- [WHAT THE TASK ASKS]:
Among the entries below, find the lines with the word "color" and return them.

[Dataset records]
------
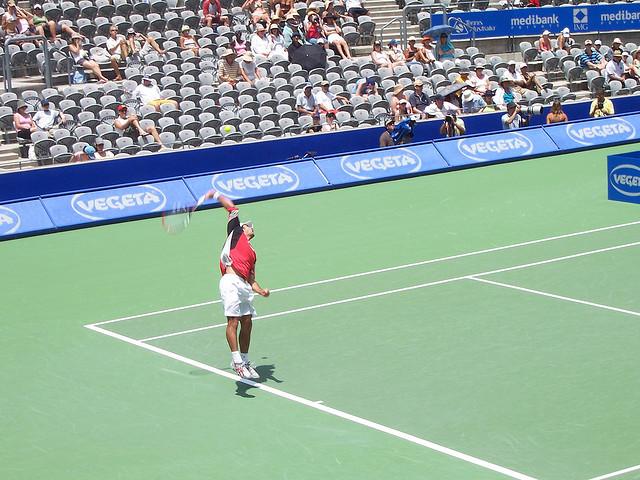What sponsor lines the court?
Answer briefly. Vegeta. What color is the man's shirt?
Short answer required. Red. What color is the court?
Write a very short answer. Green. What color is the tennis court?
Concise answer only. Green. Are all the seats filled?
Keep it brief. No. 
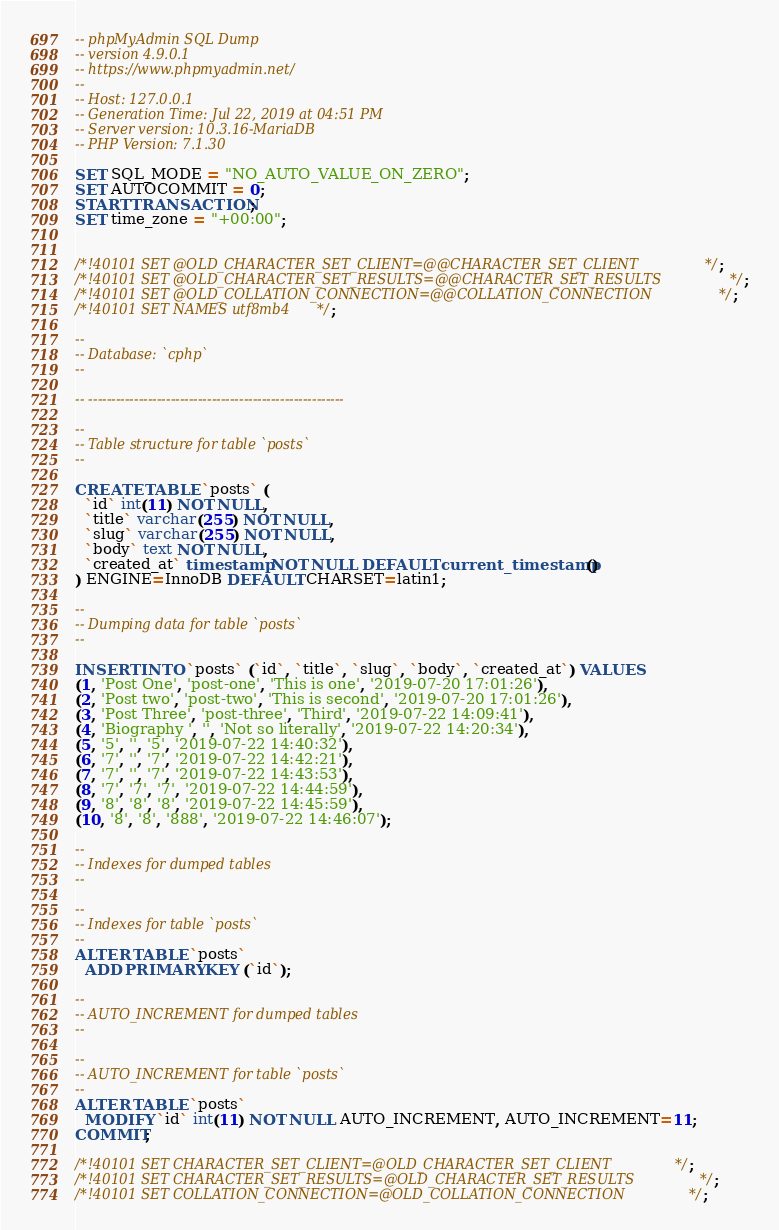<code> <loc_0><loc_0><loc_500><loc_500><_SQL_>-- phpMyAdmin SQL Dump
-- version 4.9.0.1
-- https://www.phpmyadmin.net/
--
-- Host: 127.0.0.1
-- Generation Time: Jul 22, 2019 at 04:51 PM
-- Server version: 10.3.16-MariaDB
-- PHP Version: 7.1.30

SET SQL_MODE = "NO_AUTO_VALUE_ON_ZERO";
SET AUTOCOMMIT = 0;
START TRANSACTION;
SET time_zone = "+00:00";


/*!40101 SET @OLD_CHARACTER_SET_CLIENT=@@CHARACTER_SET_CLIENT */;
/*!40101 SET @OLD_CHARACTER_SET_RESULTS=@@CHARACTER_SET_RESULTS */;
/*!40101 SET @OLD_COLLATION_CONNECTION=@@COLLATION_CONNECTION */;
/*!40101 SET NAMES utf8mb4 */;

--
-- Database: `cphp`
--

-- --------------------------------------------------------

--
-- Table structure for table `posts`
--

CREATE TABLE `posts` (
  `id` int(11) NOT NULL,
  `title` varchar(255) NOT NULL,
  `slug` varchar(255) NOT NULL,
  `body` text NOT NULL,
  `created_at` timestamp NOT NULL DEFAULT current_timestamp()
) ENGINE=InnoDB DEFAULT CHARSET=latin1;

--
-- Dumping data for table `posts`
--

INSERT INTO `posts` (`id`, `title`, `slug`, `body`, `created_at`) VALUES
(1, 'Post One', 'post-one', 'This is one', '2019-07-20 17:01:26'),
(2, 'Post two', 'post-two', 'This is second', '2019-07-20 17:01:26'),
(3, 'Post Three', 'post-three', 'Third', '2019-07-22 14:09:41'),
(4, 'Biography ', '', 'Not so literally', '2019-07-22 14:20:34'),
(5, '5', '', '5', '2019-07-22 14:40:32'),
(6, '7', '', '7', '2019-07-22 14:42:21'),
(7, '7', '', '7', '2019-07-22 14:43:53'),
(8, '7', '7', '7', '2019-07-22 14:44:59'),
(9, '8', '8', '8', '2019-07-22 14:45:59'),
(10, '8', '8', '888', '2019-07-22 14:46:07');

--
-- Indexes for dumped tables
--

--
-- Indexes for table `posts`
--
ALTER TABLE `posts`
  ADD PRIMARY KEY (`id`);

--
-- AUTO_INCREMENT for dumped tables
--

--
-- AUTO_INCREMENT for table `posts`
--
ALTER TABLE `posts`
  MODIFY `id` int(11) NOT NULL AUTO_INCREMENT, AUTO_INCREMENT=11;
COMMIT;

/*!40101 SET CHARACTER_SET_CLIENT=@OLD_CHARACTER_SET_CLIENT */;
/*!40101 SET CHARACTER_SET_RESULTS=@OLD_CHARACTER_SET_RESULTS */;
/*!40101 SET COLLATION_CONNECTION=@OLD_COLLATION_CONNECTION */;
</code> 
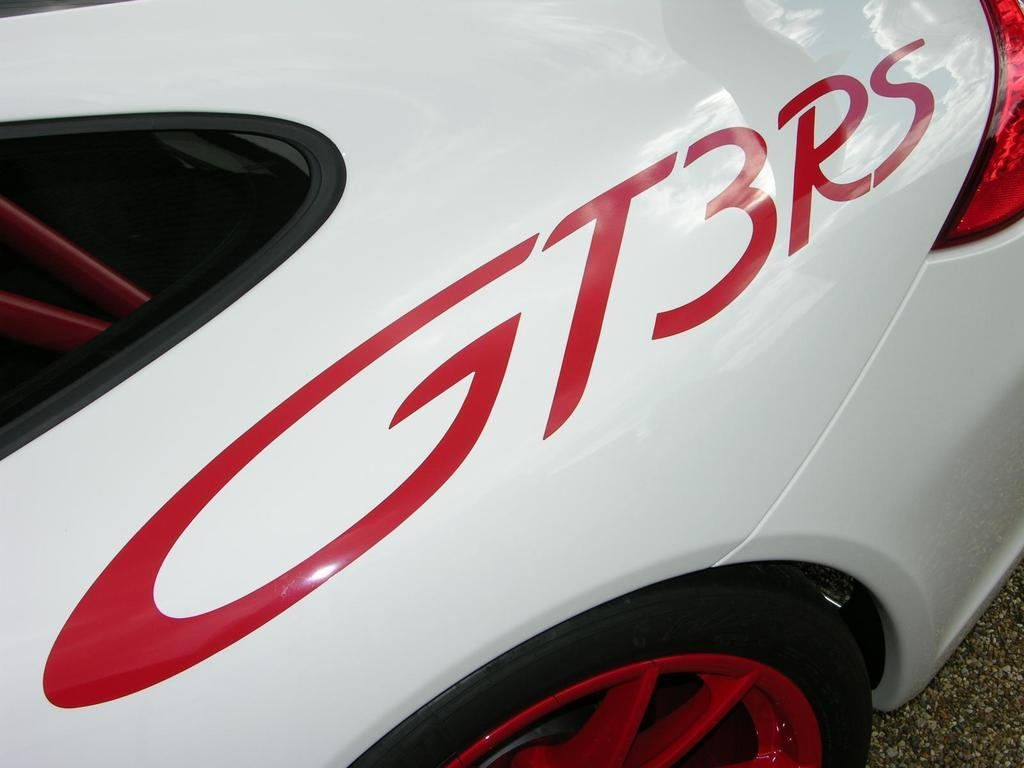What is the main subject of the image? There is a car in the image. What is the car situated on or near? There is a road visible at the bottom of the image. Can you see the cow looking at the car in the image? There is no cow present in the image, so it cannot be seen looking at the car. 
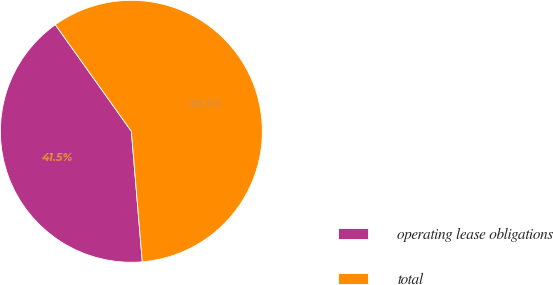<chart> <loc_0><loc_0><loc_500><loc_500><pie_chart><fcel>operating lease obligations<fcel>total<nl><fcel>41.47%<fcel>58.53%<nl></chart> 
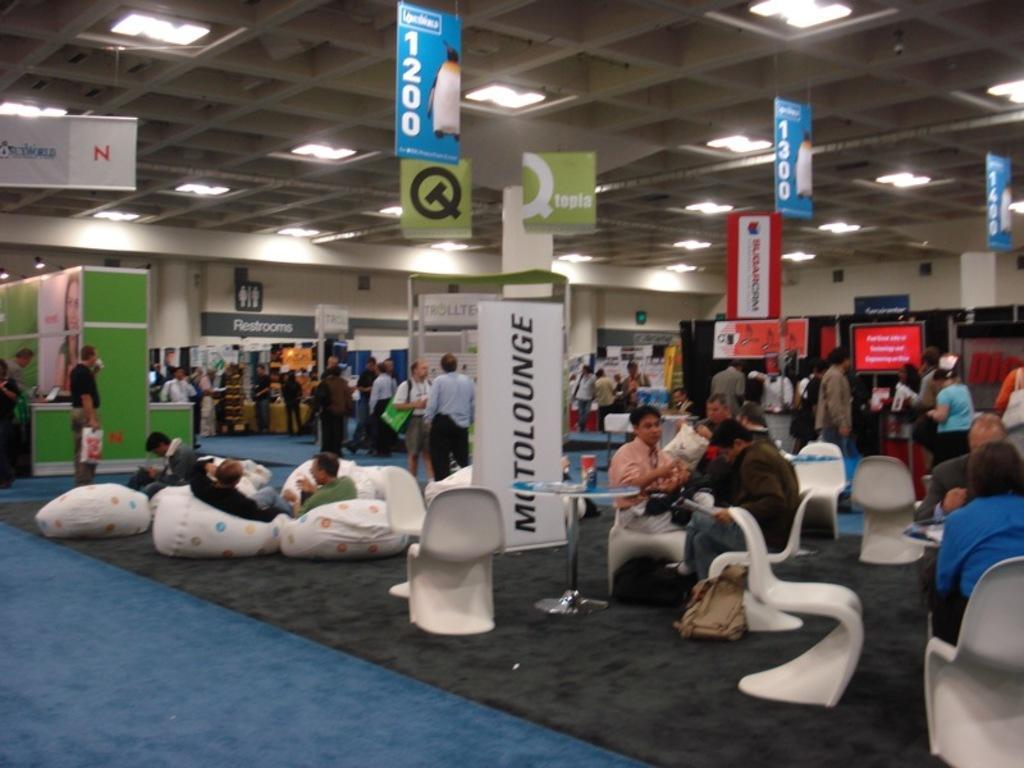Describe this image in one or two sentences. In this image I can see the group of people. Among them some people are sitting in front of the table and some are standing at the shops. And there are many boards,lights in this picture. 
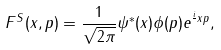<formula> <loc_0><loc_0><loc_500><loc_500>F ^ { S } ( x , p ) = \frac { 1 } { \sqrt { 2 \pi } } \psi ^ { * } ( x ) \phi ( p ) e ^ { \frac { i } { } x p } ,</formula> 
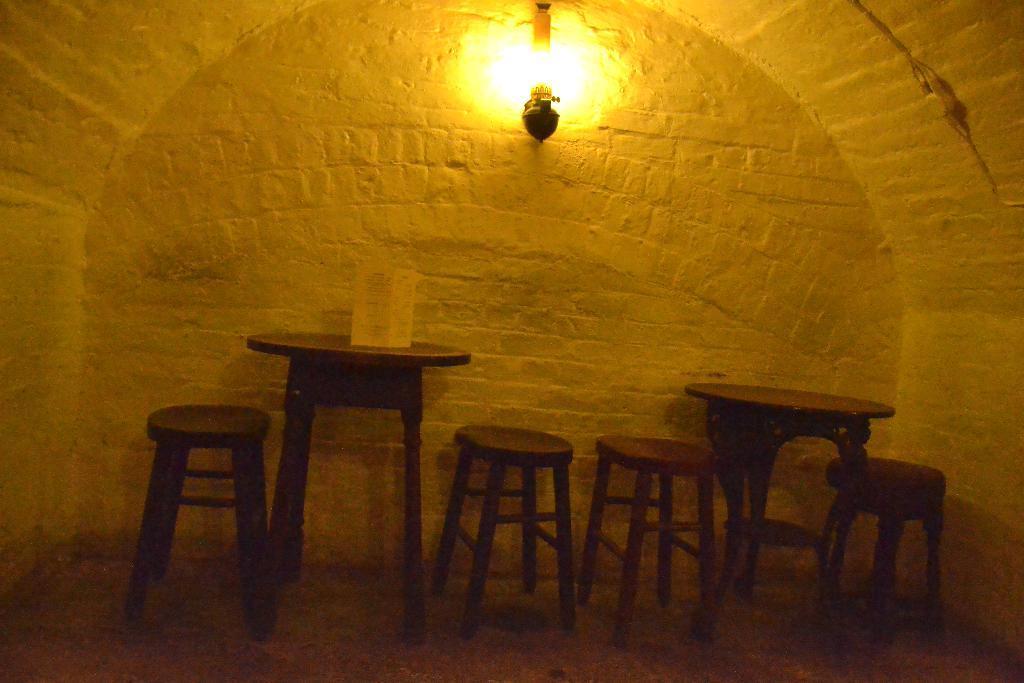How would you summarize this image in a sentence or two? In this picture I can see few tables and placard on the one of the table and light on the top to the wall. 
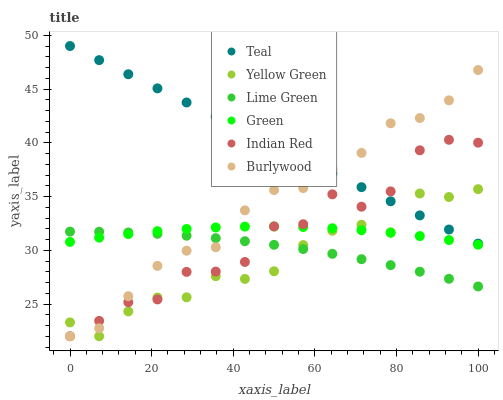Does Yellow Green have the minimum area under the curve?
Answer yes or no. Yes. Does Teal have the maximum area under the curve?
Answer yes or no. Yes. Does Burlywood have the minimum area under the curve?
Answer yes or no. No. Does Burlywood have the maximum area under the curve?
Answer yes or no. No. Is Teal the smoothest?
Answer yes or no. Yes. Is Indian Red the roughest?
Answer yes or no. Yes. Is Yellow Green the smoothest?
Answer yes or no. No. Is Yellow Green the roughest?
Answer yes or no. No. Does Yellow Green have the lowest value?
Answer yes or no. Yes. Does Green have the lowest value?
Answer yes or no. No. Does Teal have the highest value?
Answer yes or no. Yes. Does Yellow Green have the highest value?
Answer yes or no. No. Is Green less than Teal?
Answer yes or no. Yes. Is Teal greater than Green?
Answer yes or no. Yes. Does Yellow Green intersect Teal?
Answer yes or no. Yes. Is Yellow Green less than Teal?
Answer yes or no. No. Is Yellow Green greater than Teal?
Answer yes or no. No. Does Green intersect Teal?
Answer yes or no. No.
------
- [ANSWER SPACE]:
Answer briefly. Vegeta. What color is the man's shirt?
Short answer required. Red. What color is the court?
Write a very short answer. Green. What color is the tennis court?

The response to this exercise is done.